Powell Street Station入口

Powell Street Station入口

やっとのことで駅に到着したと思ったら、結構な大雨がホテルへの行く手を阻んでいた。しかし5分ほど待つと、ピタッと雨は止み、そしてスーツケースをガラガラと引きながらPowell Streetを2~3分歩くとすぐに宿泊先ホテルである「Herbert Hotel」に到着した。このホテルも前回来たときに利用したホテルで、値段もさることながら、とにかく立地が最高なのである。

2軒隣にはスーパー「Walgreens」があり便利

2軒隣にはスーパー「Walgreens」があり便利

このホテルは駅から徒2~3数分の距離しか離れておらず、しかも2軒隣にはスーパーのWalgreensがあり、ここでほとんどの食材や薬、文具などが手に入るので大変便利である。ところで、Walgreensで一つ発見があったのでお伝えしておこう。私がビールを片手にレジに並んでいると、レジには横一列に10人規模のキャッシャーがレジ対応をしてくれていた。しばらく並んでいるとキャッシャーの一人が空いたのでそこでレジを済ませようと思いビールをカウンターに置いた。すると、「アルコールは販売できません」と唐突に言われたのである。私は少々いぶかりながら、「ならば、なぜ店に商品として販売しているんだっ?」と言い返したところ、「すみませんっ、そういう意味ではなく、私は年齢が若く、アルコール類の販売をすることが許可されていないので、外のレジで対応してもらってください」と言ってきた。もちろん説明された理由は分かるが、ならばアルコール対応レジとそうでないレジに分けるべきだろう、と心の中で真っ先に突っ込みを入れ、そして、相変わらず物事を効率よく進めるためにどうするべきか、ということを考えずに仕事している人間が多い国だな、と再認識したシンタであった。
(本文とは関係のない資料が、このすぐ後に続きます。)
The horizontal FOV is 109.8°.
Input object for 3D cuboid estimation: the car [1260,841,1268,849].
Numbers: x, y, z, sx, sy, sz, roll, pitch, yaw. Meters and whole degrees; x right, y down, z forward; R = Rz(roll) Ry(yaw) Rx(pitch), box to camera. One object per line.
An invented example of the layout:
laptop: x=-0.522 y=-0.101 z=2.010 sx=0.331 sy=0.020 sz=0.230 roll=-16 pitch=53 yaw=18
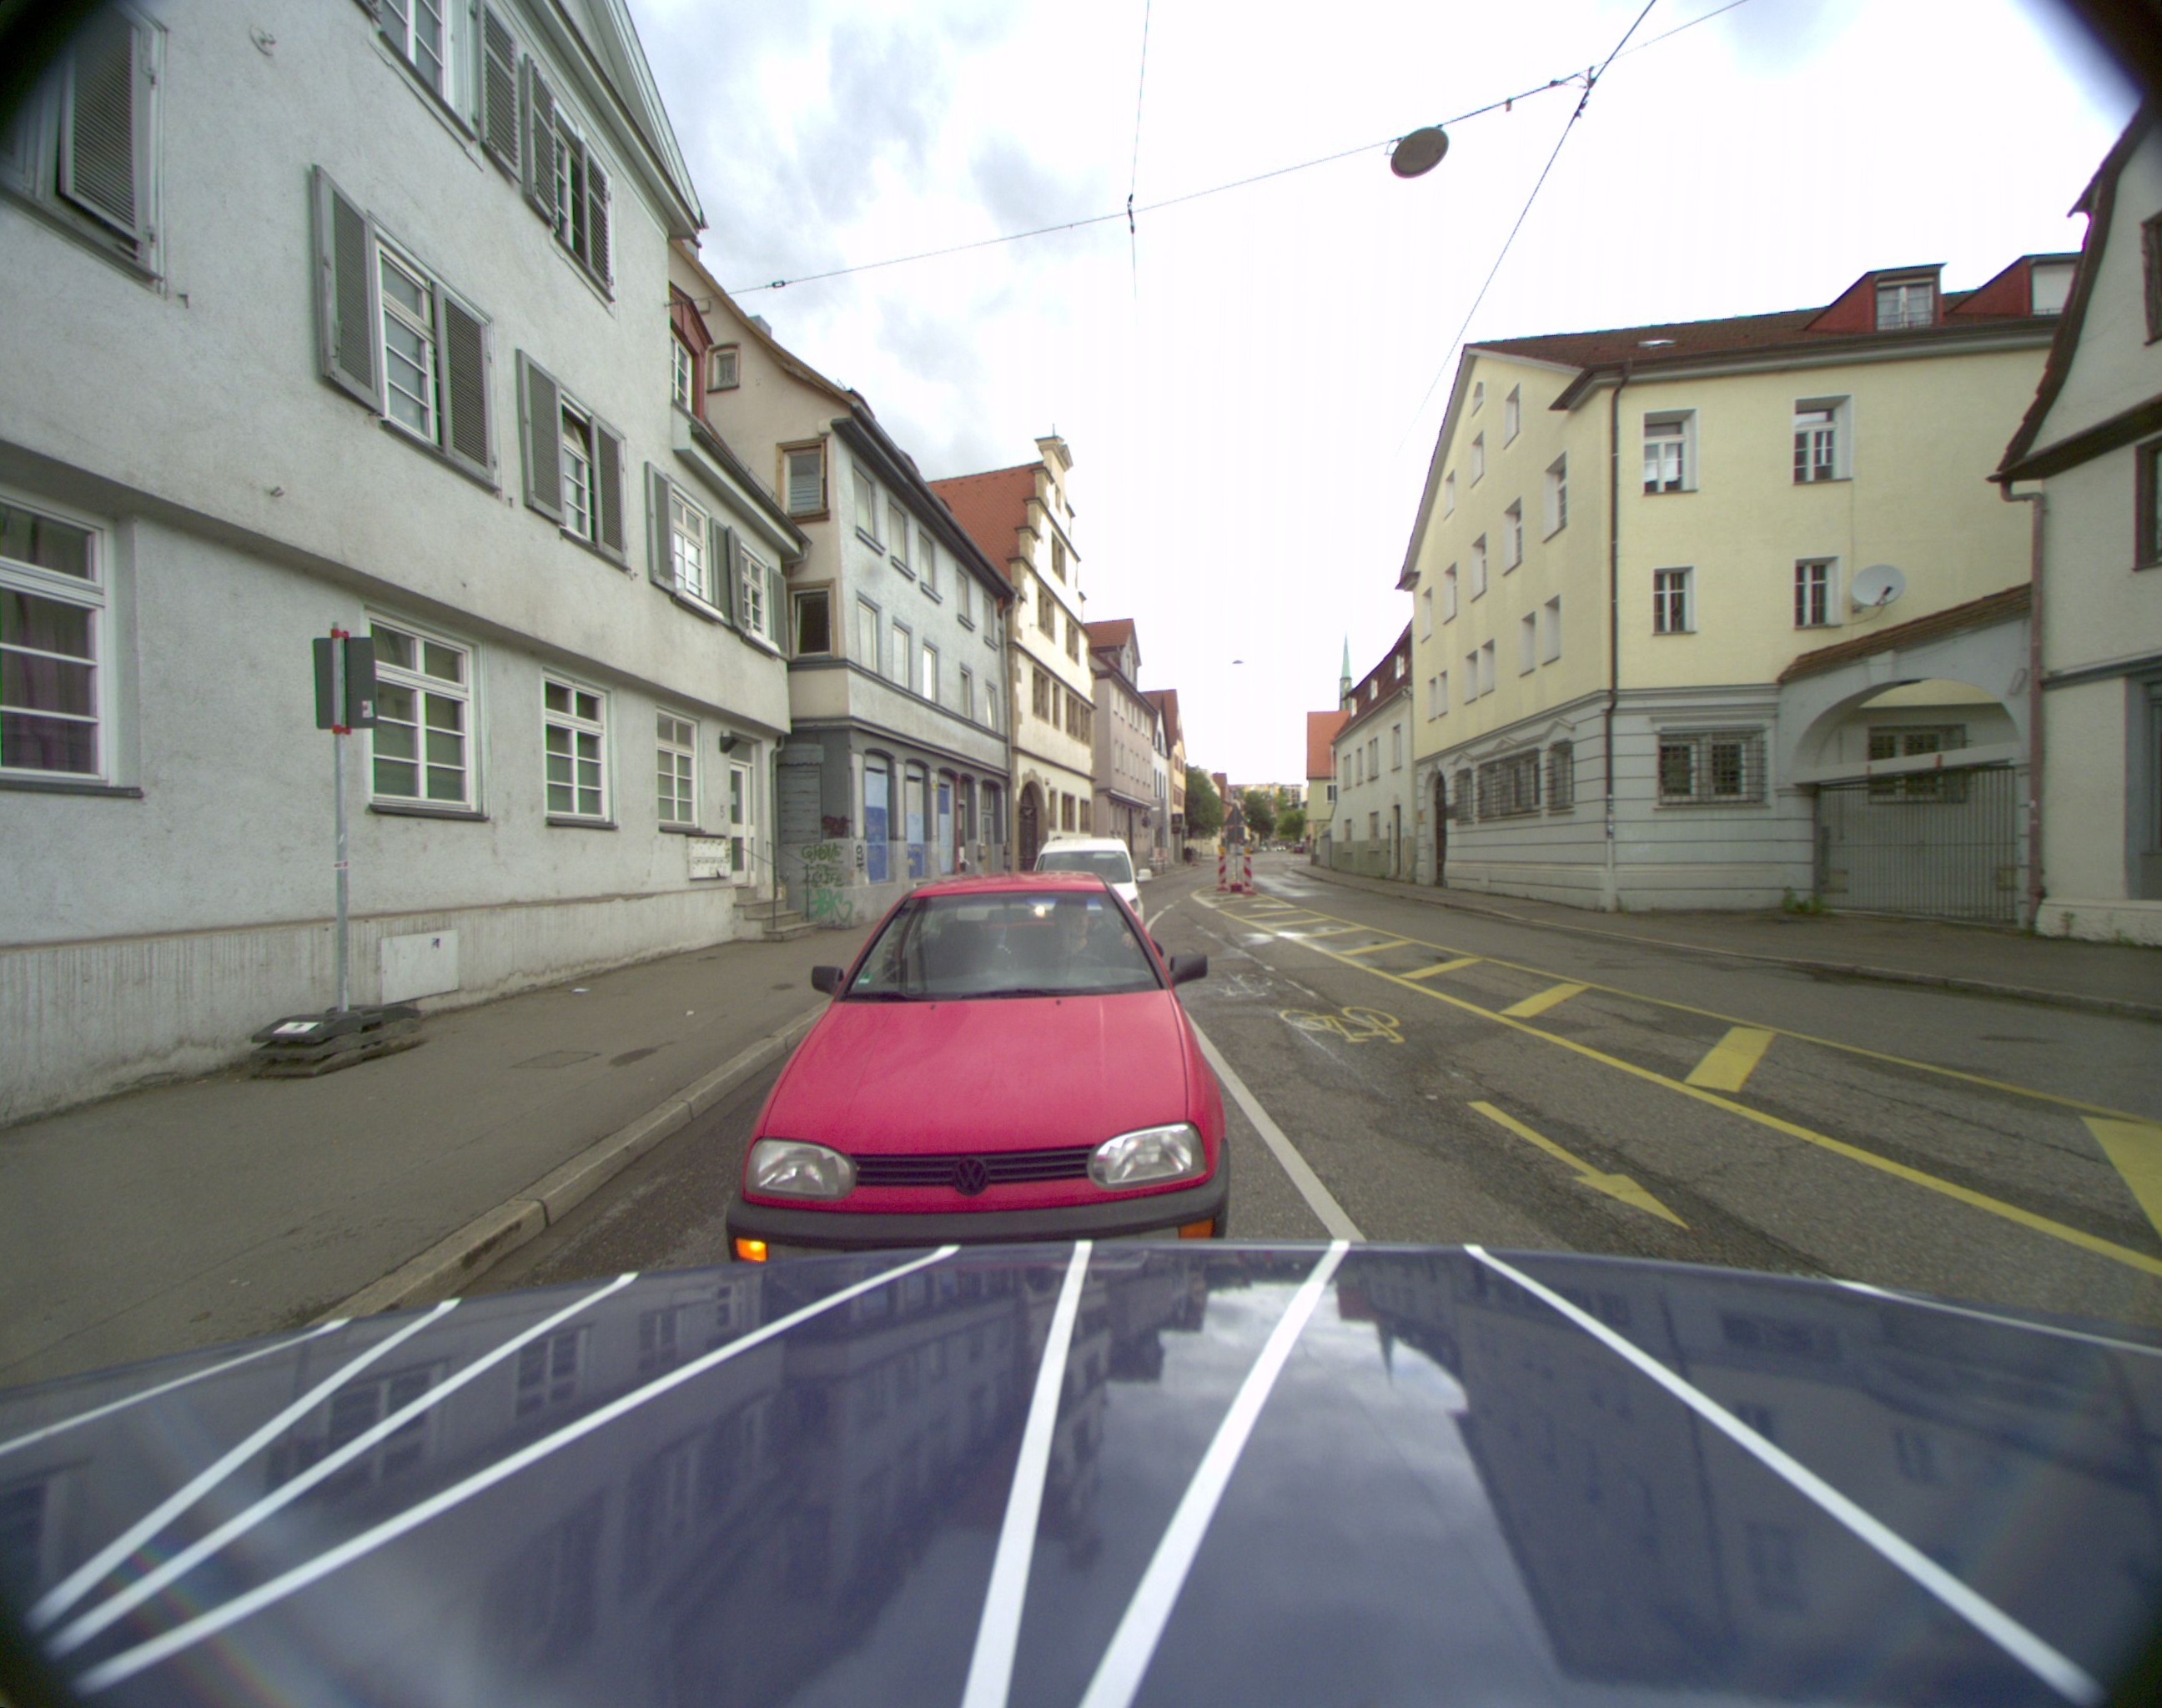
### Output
car: x=44.965 y=-2.173 z=186.812 sx=1.996 sy=2.002 sz=4.004 roll=-1 pitch=0 yaw=13

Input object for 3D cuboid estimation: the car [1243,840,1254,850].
car: x=34.021 y=-1.770 z=154.271 sx=1.996 sy=2.002 sz=4.004 roll=-1 pitch=0 yaw=13

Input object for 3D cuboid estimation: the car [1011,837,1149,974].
car: x=0.014 y=0.690 z=12.213 sx=1.804 sy=1.781 sz=4.349 roll=-1 pitch=0 yaw=1

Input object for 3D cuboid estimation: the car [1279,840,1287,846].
car: x=63.951 y=-3.460 z=240.616 sx=1.996 sy=2.002 sz=4.004 roll=-1 pitch=0 yaw=13

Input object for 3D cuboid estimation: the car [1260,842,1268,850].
car: x=48.486 y=-2.124 z=201.286 sx=1.996 sy=2.002 sz=4.004 roll=-1 pitch=0 yaw=13

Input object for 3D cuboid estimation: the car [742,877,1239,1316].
car: x=-0.316 y=0.986 z=4.890 sx=1.804 sy=1.458 sz=4.000 roll=-4 pitch=0 yaw=1

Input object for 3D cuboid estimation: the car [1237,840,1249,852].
car: x=28.461 y=-1.356 z=133.502 sx=1.996 sy=2.002 sz=4.004 roll=-1 pitch=0 yaw=13

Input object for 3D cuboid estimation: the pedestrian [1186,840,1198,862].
pedestrian: x=9.640 y=-0.224 z=66.088 sx=0.877 sy=1.888 sz=0.898 roll=-1 pitch=0 yaw=14

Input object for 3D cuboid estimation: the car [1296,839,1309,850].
car: x=42.734 y=-1.789 z=146.581 sx=2.057 sy=2.002 sz=4.004 roll=-1 pitch=0 yaw=13

Union Squareに設営されたHoliday Ice Rink

Union Squareに設営されたHoliday Ice Rink

その後、ビールをホテルの部屋の冷蔵庫に入れると、再び外へと繰り出し、夜のUnion Squareへと向かった。ホテルから2分ほどで到着した。広場にはクリスマスシーズンのために特設スケートリンクが設営されており、また、大きく立派なクリスマスツリーが街を見下ろすように立っていた。そして、長旅の疲れと、この幻想的な目の前の光景に夢を見ているかのごとく、ただ時間が過ぎていくのを感じながらぼーっとしていた。すると、私の鼻の上に何やら冷たいものが・・・。そう、ひとひらの雪がやさしく空から舞い降りてきたのである。私は肌寒いのも忘れ、ふと空を見上げ、そっと降り注ぎはじめたフレーク状の雪を体全体に感じながら、当たり前だが、今、自分が生きてこの場所にいるということが本当に嬉しく、そして幸せであるとさえ感じたクリスマスイブ前夜の23日の夜の出来事であった。理由は単純だが、幸せはどこにでもあるような気にさえしてくれたサンフランシスコの1日目の夜であった。